- What is needed -
Copy the lines below word for word, skipping any image.

- Material supplied -
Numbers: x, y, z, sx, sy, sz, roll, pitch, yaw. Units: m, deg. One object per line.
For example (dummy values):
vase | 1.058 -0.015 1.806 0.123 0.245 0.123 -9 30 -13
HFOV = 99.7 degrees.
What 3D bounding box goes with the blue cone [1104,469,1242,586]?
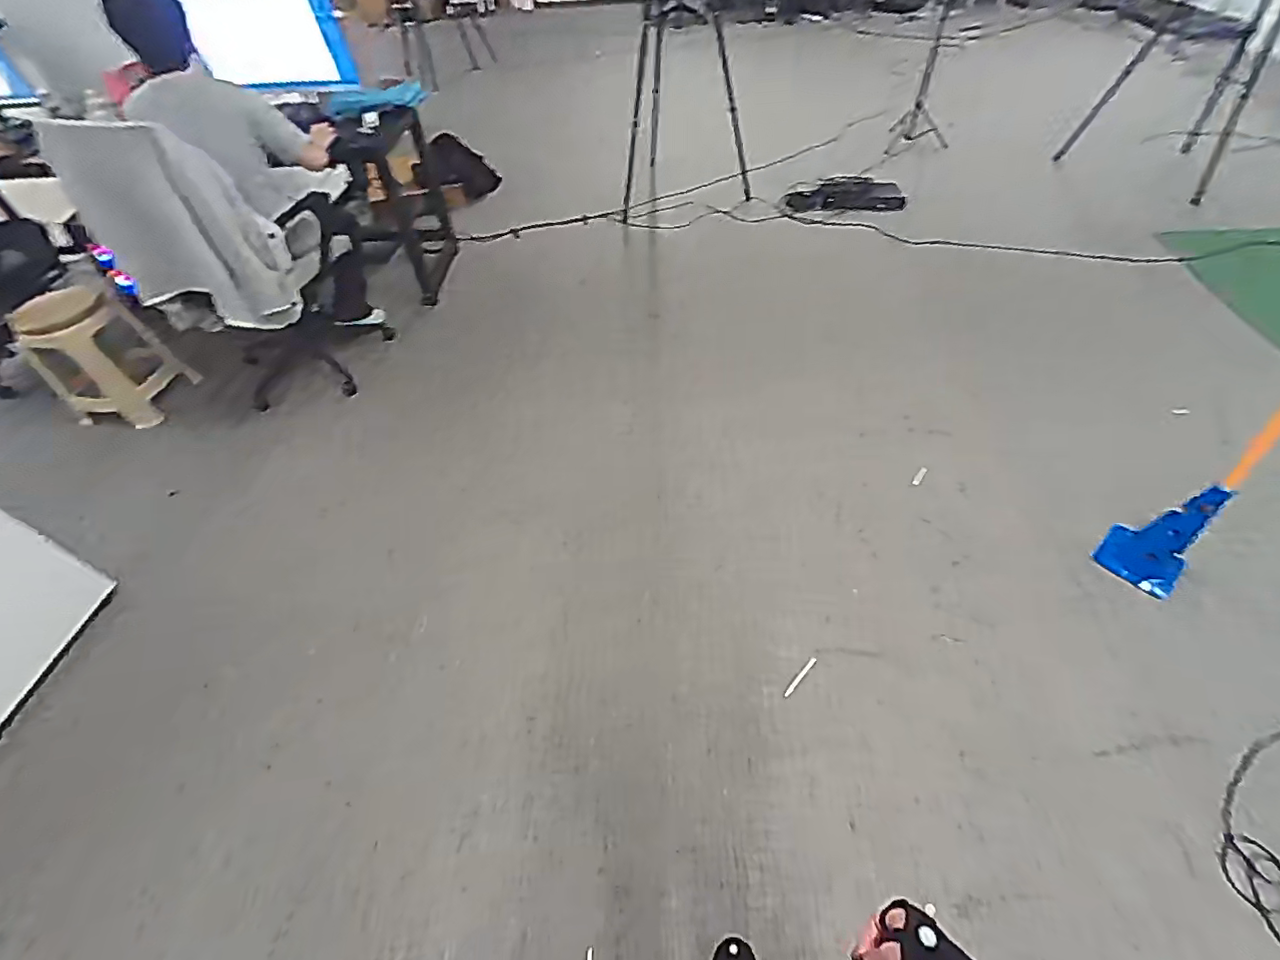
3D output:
blue cone | 1.501 0.111 1.492 0.192 0.380 0.193 -39 56 -24
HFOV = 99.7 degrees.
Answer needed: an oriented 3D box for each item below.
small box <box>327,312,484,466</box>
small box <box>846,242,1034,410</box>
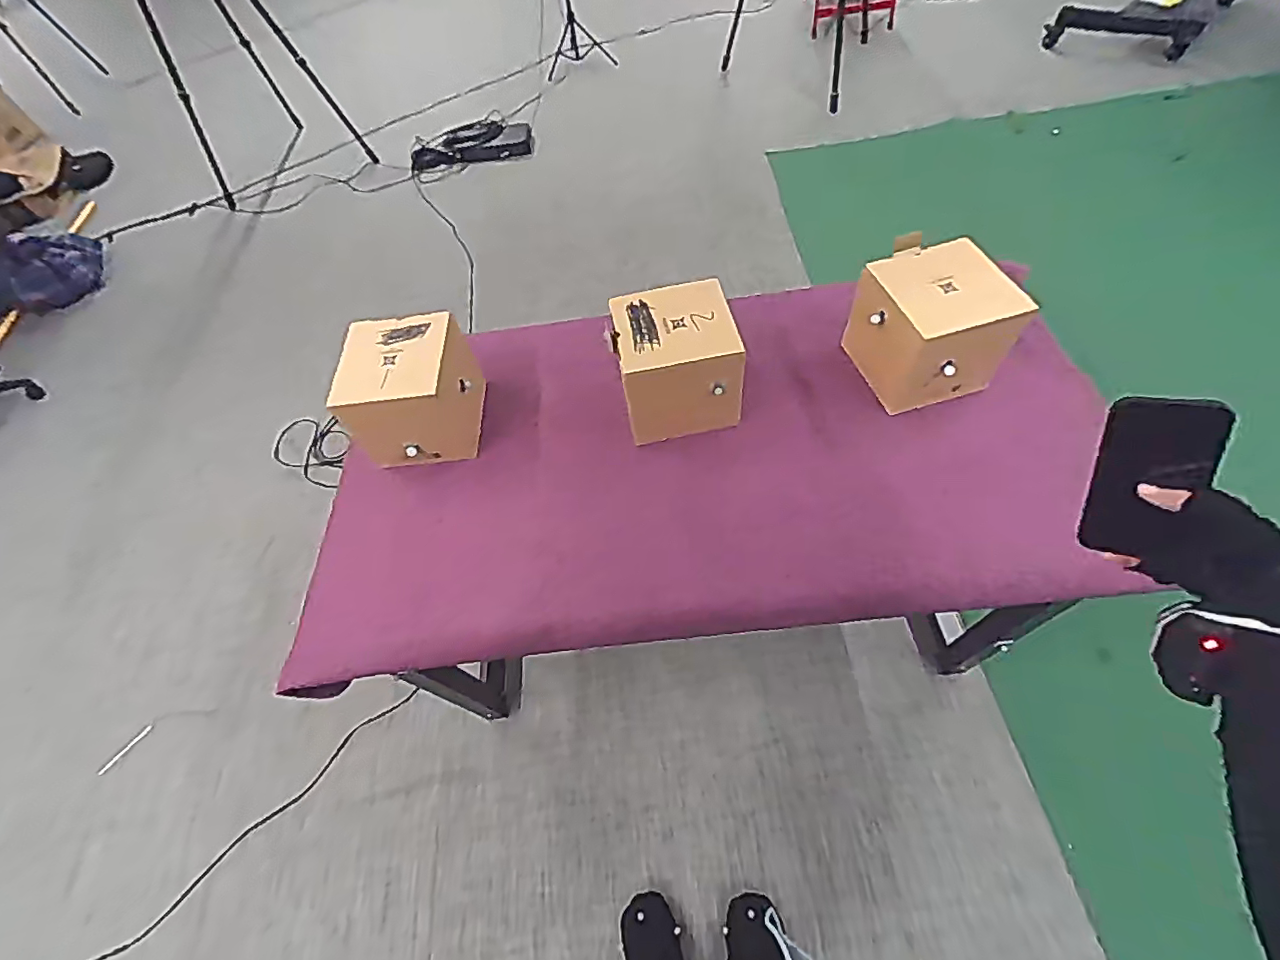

- Response below -
Numbers: x, y, z, sx, sy, sz, roll, pitch, yaw. Units: m, deg. One object per line.
For example (dummy values):
vase | 1.058 -0.015 1.806 0.123 0.245 0.123 -9 30 -13
HFOV = 99.7 degrees.
What 3D bounding box goes with the blue cone [1104,469,1242,586]?
3D output:
blue cone | 1.501 0.111 1.492 0.192 0.380 0.193 -39 56 -24
HFOV = 99.7 degrees.
Answer needed: an oriented 3D box for each item below.
small box <box>327,312,484,466</box>
small box <box>846,242,1034,410</box>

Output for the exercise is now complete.